4.43. Verweerder stelt zich op het standpunt dat sprake is van een onzakelijke lening en dat afwaardering van de lening gelet op het arrest HR 9 mei 2008, nr. 43.849, BNB 2008/191, niet mogelijk is. Daartoe betoogt verweerder dat voorafgaande aan de beschikbaarstelling van de gelden niets op papier is gezet, dat er geen onderzoek is gedaan naar de liquiditeit/solvabiliteit of het vermogen van[C BV] en dat er geen zekerheden zijn bedongen. Ook nadat in de loop van 2006 duidelijk werd dat de onderneming van[C BV] verlieslatend was met een verlies van € 800.000 bleef eiseres niettemin gelden verstrekken zonder voorwaarden te stellen.
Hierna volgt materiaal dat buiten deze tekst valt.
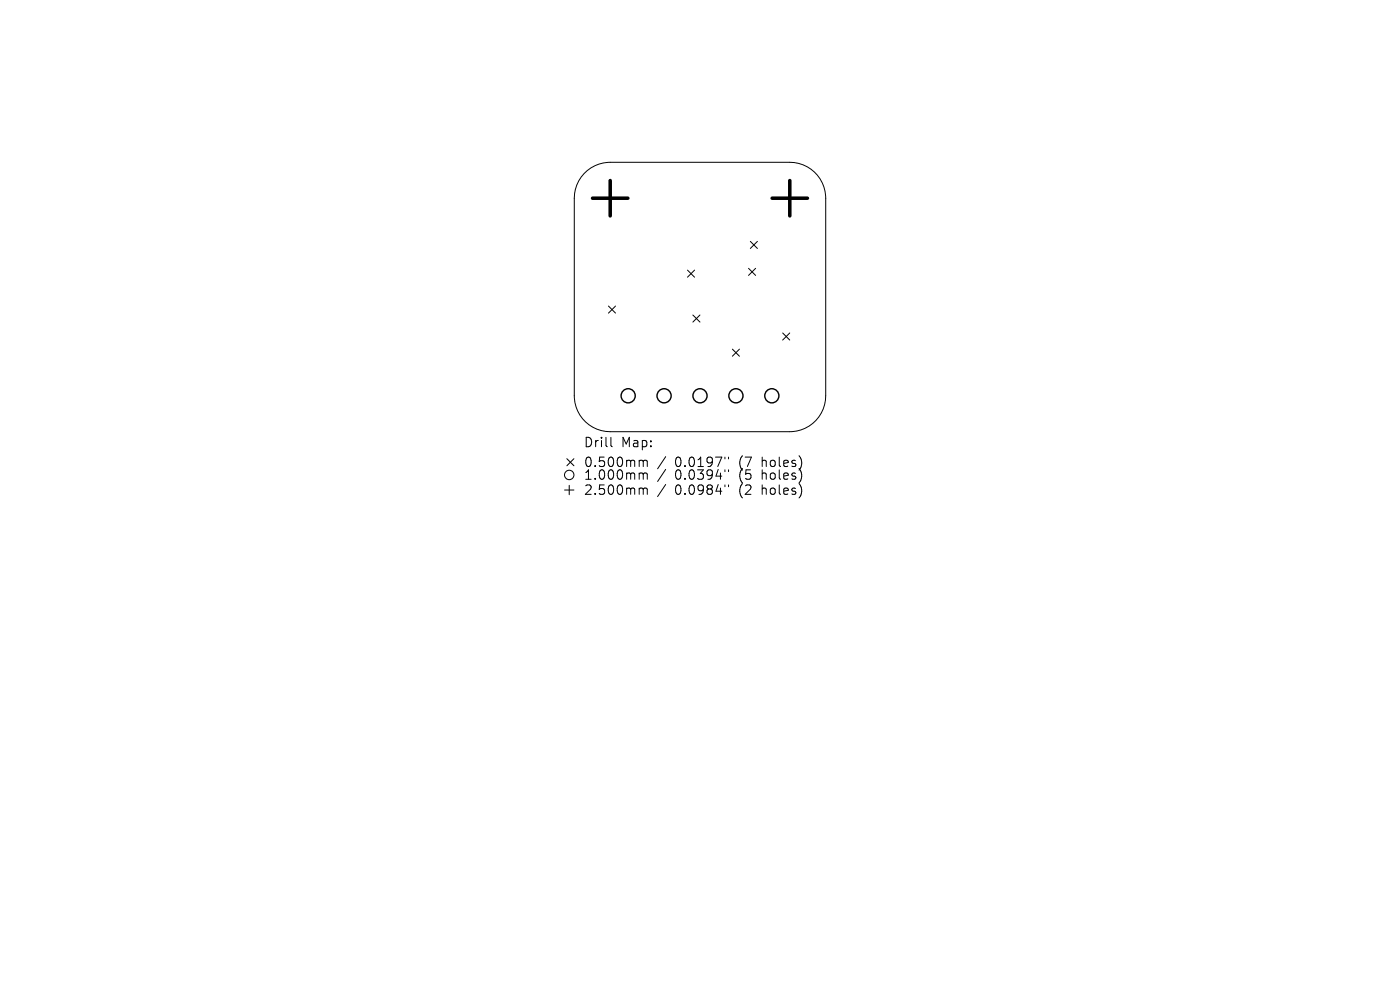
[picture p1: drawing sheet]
<svg xmlns="http://www.w3.org/2000/svg" width="297mm" height="210mm" viewBox="0 0 297 210" stroke-linecap="round" stroke-linejoin="round" font-family="sans-serif">
<defs><g id="words">
<g font-size="2.8">
<text x="123.8" y="95.2">Drill</text>
<text x="131.8" y="95.2">Map:</text>
<text x="123.8" y="99.4">0.500mm</text>
<text x="143.2" y="99.4">0.0197&quot;</text>
<text x="156.9" y="99.4">(7</text>
<text x="161.9" y="99.4">holes)</text>
<text x="123.8" y="102.1">1.000mm</text>
<text x="123.8" y="105.3">2.500mm</text>
<text x="143.2" y="102.1">0.0394&quot;</text>
<text x="143.2" y="105.3">0.0984&quot;</text>
<text x="156.9" y="102.1">(5</text>
<text x="156.9" y="105.3">(2</text>
<text x="161.9" y="102.1">holes)</text>
<text x="161.9" y="105.3">holes)</text>
</g>
</g></defs>
<g fill="none" stroke="#000" stroke-width=".21">
<path d="M123.9 36.8a7.6 7.6 0 0 1 5.6-2.4h38.1a7.6 7.6 0 0 1 7.6 7.6v42a7.6 7.6 0 0 1-7.6 7.6h-38.1a7.6 7.6 0 0 1-7.7-7.6v-42a7.6 7.6 0 0 1 2.1-5.2zM145.8 57.3l1.5 1.5M147.3 57.3l-1.5 1.5M158.8 56.9l1.5 1.5M159.2 51.2l1.5 1.5M160.3 56.9l-1.5 1.5M160.7 51.2l-1.5 1.5M129.1 64.9l1.5 1.5M130.6 64.9l-1.5 1.5M147 66.8l1.5 1.5M148.5 66.8l-1.5 1.5M155.4 74.1l1.5 1.5"/>
<path d="M156.9 74.1l-1.5 1.5M166 70.6l1.5 1.5M167.5 70.6l-1.5 1.5M120.3 97.3l1.5 1.5M121.8 97.3l-1.5 1.5M129.6 92.8v1.7l.3 .3M135.9 97.6l.5 .1 .1 .2M136.5 97.9l.2-.3 .5 .1 .1 1.3M136.5 97.9v1.1M141.2 96.9l-1.7 2.5M141.2 99.6l-1.7 2.5M153.8 97v.3"/>
<path d="M153.8 99.7v.3M154.6 97v.3M154.6 99.7v.3M119.8 104h2M120.8 103v2M135.9 100.3h.3l.3 .3M135.9 103.5h.3l.3 .3M136.5 100.6v1.1M136.5 103.8v1.1M136.5 100.6l.2-.3 .5 .1 .1 1.3M136.5 103.8l.2-.3 .5 .1 .1 1.3M141.2 102.8l-1.7 2.5"/>
<path d="M153.8 102.9v.3M154.6 102.9v.3"/>
<circle cx="120.8" cy="100.8" r="1"/>
</g>
<g fill="none" stroke="#000" stroke-width=".3">
<circle cx="133.3" cy="84" r="1.5"/>
<circle cx="140.9" cy="84" r="1.5"/>
<circle cx="148.5" cy="84" r="1.5"/>
<circle cx="156.1" cy="84" r="1.5"/>
<circle cx="163.7" cy="84" r="1.5"/>
</g>
<path d="M129.5 38.3v7.5M167.6 38.3v7.5M125.7 42h7.5M163.8 42h7.5" fill="none" stroke="#000" stroke-width=".75"/>
<use href="#words"/>
</svg>

Verweerder betoogt voorts dat, hoewel eiseres stelt dat 8% rente is bedongen, dit nergens uit blijkt.
4.44. Vaststaat dat [[A]] 100% van de aandelen in eiseres heeft en dat [[A]] bestuurder is van eiseres. [[A]] heeft voorts 47,5% van de aandelen in [B BV] en is bestuurder van deze vennootschap. [B BV] heeft op 2 mei 2006 1/3 van de aandelen in[C BV] verkregen. Het middellijk aandelenbelang van [[A]] in[C BV] is derhalve 15,83% (1/3 * 47,5%). Met eiseres gaat de rechtbank ervan uit dat het aandelenbelang in[C BV] voor 84,17% lag bij derden. Dit vindt ook steun in het faillissementsverslag (onderdeel 2.20.1). Van gelieerdheid van eiseres en[C BV] is afgezien van een aandelenbelang van [[A]] in eiseres van 100% en van 15,83% in[C BV], geen sprake.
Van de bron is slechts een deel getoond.